As outlined in the Organized Crime Convention, legal assistance may be requested for:
The Organized Crime Convention also requires States parties to afford each other
mutual legal assistance to the fullest extent possible.
However, different countries and traditions usually have substantial differences
regarding evidence gathering. For instance, in many civil law systems a magistrate
supervises the process, while in common law systems generally investigators have
broader powers. Evidence gathered without respecting procedures and formalities of
the requesting country may not be admissible in its courts, thus hampering prosecution.
Article 18 provides guidance to States on how to deal with incoming and outgoing
requests in order to reduce the risk of admissibility issues of the evidence gathered.

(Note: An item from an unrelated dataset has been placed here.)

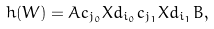Convert formula to latex. <formula><loc_0><loc_0><loc_500><loc_500>h ( W ) = A c _ { j _ { 0 } } X d _ { i _ { 0 } } c _ { j _ { 1 } } X d _ { i _ { 1 } } B ,</formula> 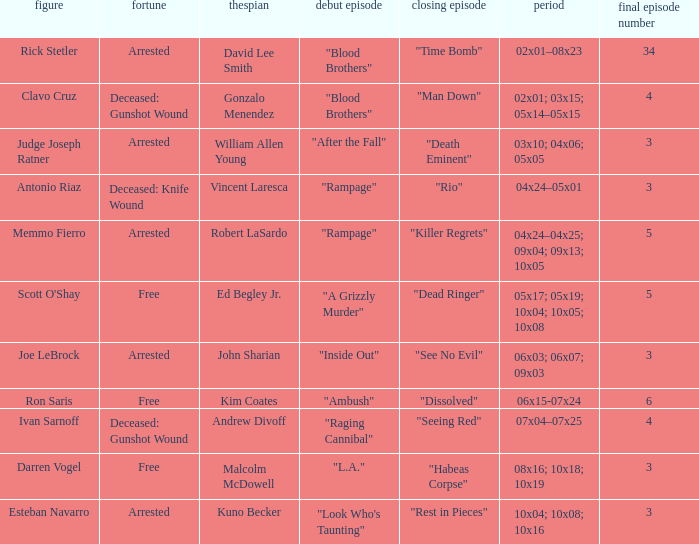What's the character with fate being deceased: knife wound Antonio Riaz.

Increasingly, mutual legal assistance treaties require that States parties designate a
central authority (generally the ministry of justice) to whom requests can be sent, thus
providing an alternative to diplomatic channels. The judicial authorities of the requesting
State can then communicate with the central authority directly. Today, to an increasing
degree, even more direct channels are being used, in that an official in the requesting
State can send the request directly to the appropriate official of the other State. This
tendency demonstrates the importance of a national central authority as a prerequisite
for rendering mutual legal assistance more effective. The Organized Crime Convention
makes its designation a mandatory requirement for ensuring the speedy and proper
execution or transmission of the requests, without, however, prejudice to the right of
States parties to use the traditional diplomatic channels (art. 18, para. 13). Moreover, it
is equally important to staff the central authorities with practitioners who are legally
trained and have developed institutional expertise and continuity in the related practice,
as well as to ensure the dissemination of up-to-date information for them.
Given the wide and growing range of international instruments, each requiring States
parties to afford one another the widest possible mutual legal assistance and to
designate for that purpose a central authority, it is also important for States to ensure
that their central authorities are a single entity in order to facilitate greater consistency of
mutual legal assistance for different types of criminal offence and eliminate the potential
for fragmentation of effort in this area.
The relationship between bilateral and multilateral treaties for international mutual legal
assistance is addressed in the Organized Crime Convention. Major points are
summarized below:
The Convention does not override any existing mutual legal assistance treaty
already in place between States. Instead, the Convention gives States the option
to use its article 18, if that would facilitate cooperation.
The Convention applies to States parties if there is no existing treaty in place,
allowing for a framework for mutual legal assistance when making a request
pursuant to the Convention.
The Organized Crime Convention also encourages States parties to enter into
their own regional or bilateral agreements, with a view to enhancing cooperation
regarding transnational organized crime in all its forms and manifestations.